La revista mexicana "Errancia" ha publicado mi relato "Un indigente" en su número 24
https://www.iztacala.unam.mx/errancia/v24/errancia_24.html
UN
INDIGENTE
El doctor apagó el cigarro puro con
un enojo contenido, a la madre superiora le molestaba que se fumara entre los
muros del convento y no se estaba de recordárselo con el tono de una maestra
que riñe a un colegial. Una vez más,
como tantas otras veces, el médico se preguntó, antes de levantar el picador de
bronce de la aldaba en forma de mano atornillado a la puerta principal, si
tenía alguna utilidad aquellas visitas. El galeno mantenía abierta una consulta
en la zona burguesa de la urbe y disfrutaba de una nutrida clientela que no le
discutía los honorarios, pacientes a los que podía someter a sus terapias en
profundidad y aspirar a la sanación de sus trastornos. ¿Pero, qué podía
conseguir visitando gratuitamente una vez al mes a los pordioseros que acudían
al convento en busca del caritativo plato de sopa? Recetar algún medicamento,
una somera evaluación y, en los casos más desesperados, mandarlos al hospital
de beneficencia, con la seguridad de que si eran internados en un manicomio
serían torturados con métodos crueles y acabarían volviéndose locos
irrecuperables. Sin embargo, un sentimiento de culpa por sólo dedicar sus
atenciones a pacientes adinerados le llevó a comprometerse con las hermanas
cuando éstas acudieron a su consulta a solicitar sus servicios.

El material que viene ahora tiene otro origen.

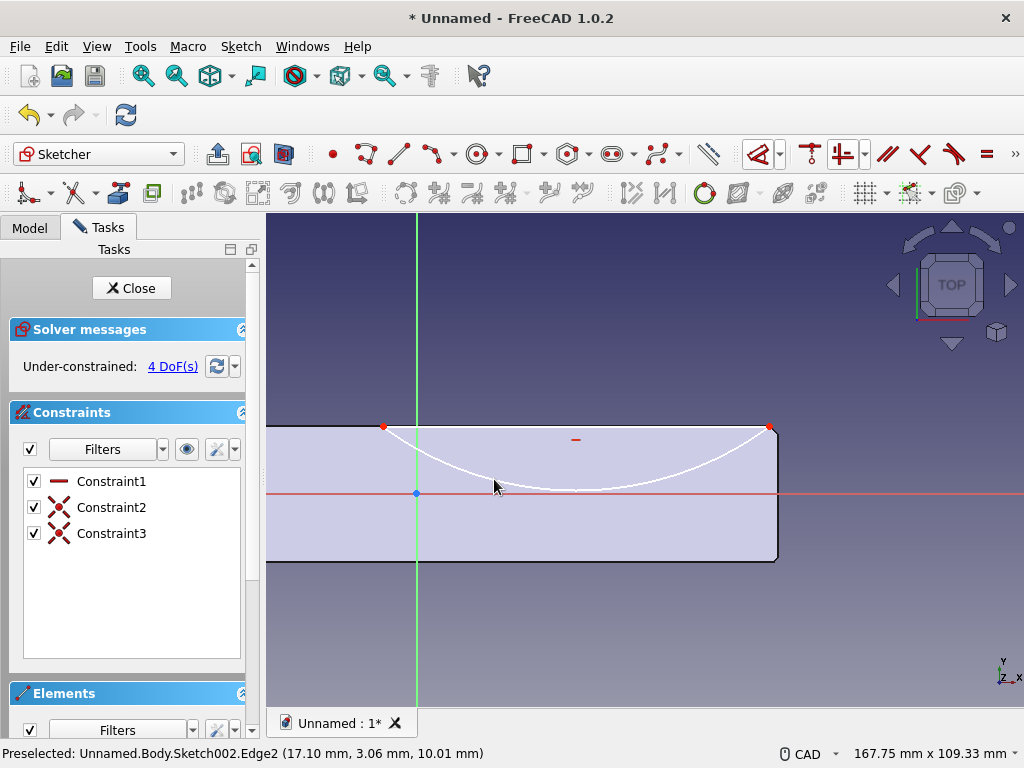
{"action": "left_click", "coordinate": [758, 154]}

Una de las monjas abrió la puerta,
sobre el hábito mostraba un delantal enharinado. Sin que el doctor le
preguntase nada, la hermana se disculpó: “Perdone mi aspecto, estábamos
haciendo dulces”. El médico se preguntó si aquella desmesurada laboriosidad en la
que siempre estaban metidas las monjas no sería una forma de subliminar una
libido reprimida por el voto de castidad. La hermana acompañó al doctor a la
biblioteca del convento que hacía de improvisada consulta cada último jueves de
mes.
Al cabo de unos minutos, Sor Elena,
la Madre Superiora, apareció en la biblioteca. Era una mujer de apariencia
robusta y carácter enérgico. Saludó al doctor dándole la mano y agradeciéndole,
como hacía cada vez que le veía, que hubiese acudido a su cita habitual. El doctor
se hallaba ligeramente malhumorado; ¿Qué hacía allí? se preguntaba, con su último
libro de psicología pendiente de redactar y el editor apremiándole para que le
entregara el manuscrito.
-Tengo un paciente para usted
-anunció la monja.
-Supongo que un borracho con delirium tremens o algún otro desdichado
que ha enloquecido por la sífilis -respondió con desdén el doctor.

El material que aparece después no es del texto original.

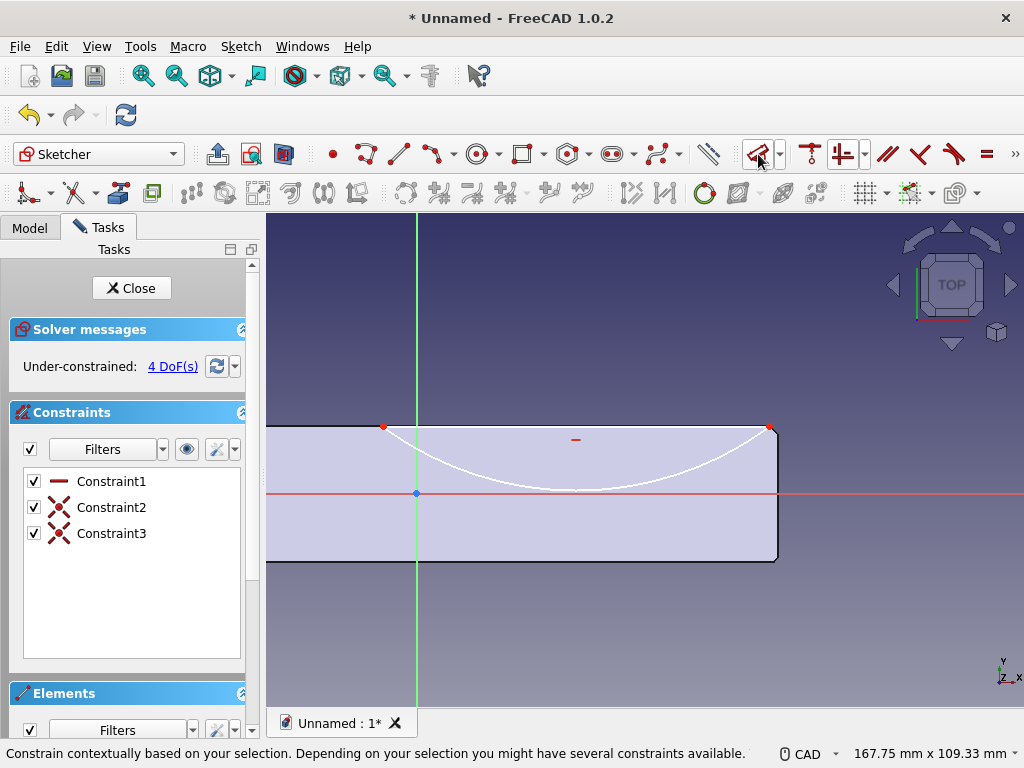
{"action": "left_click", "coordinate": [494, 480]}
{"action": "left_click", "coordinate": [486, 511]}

-No, se trata de un joven abstemio y
casto, creo -informó la monja. El galeno la observó con interés tras sus gafas
redondas.
-¿Un joven abstemio y casto? ¿Un
monje?
-No, no es monje. Creo que es
anticlerical.
-¿Es anticlerical y le están
ayudando?
-Jesús cuando hacía el bien no
preguntaba a nadie por sus creencias. Usted no es católico y nunca nos ha
importado. Fuimos a verle porque es usted el mejor alienista del mundo.

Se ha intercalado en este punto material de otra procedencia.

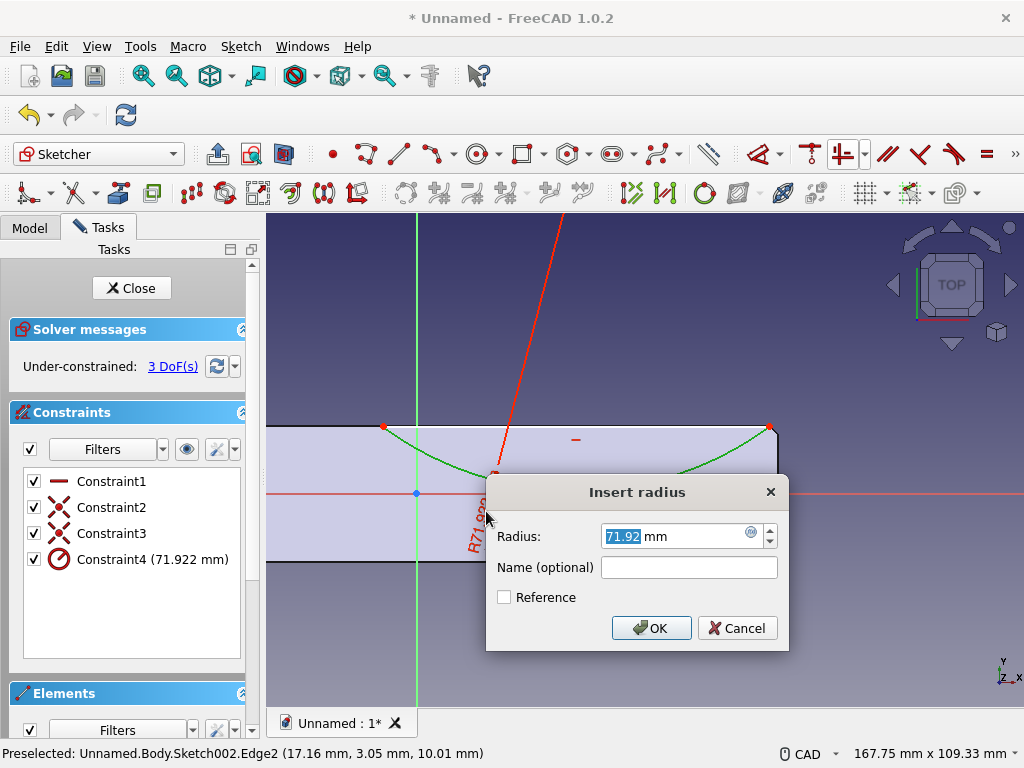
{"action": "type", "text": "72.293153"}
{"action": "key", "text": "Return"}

-Le aseguro hermana que no es para
tanto.
-Y eso que al obispado no le gustó mi
idea de que colaborara con nosotros, sus teorías son tan…controvertidas.
-¿Y qué le pasa? -atajó el doctor, que
no tenía ganas de discutir con la monja sobre cuestiones de ciencia médica.
-No está loco…, creo. Es diferente a
los demás, habla con propiedad, se nota que ha leído bastante. Y hace unos
dibujos muy hermosos.
-Joven instruido que no es
alcohólico, no es sifilítico y con dotes artísticas. No comprendo porque está
aquí. ¿Acaso no se puede ganar la vida por sí mismo?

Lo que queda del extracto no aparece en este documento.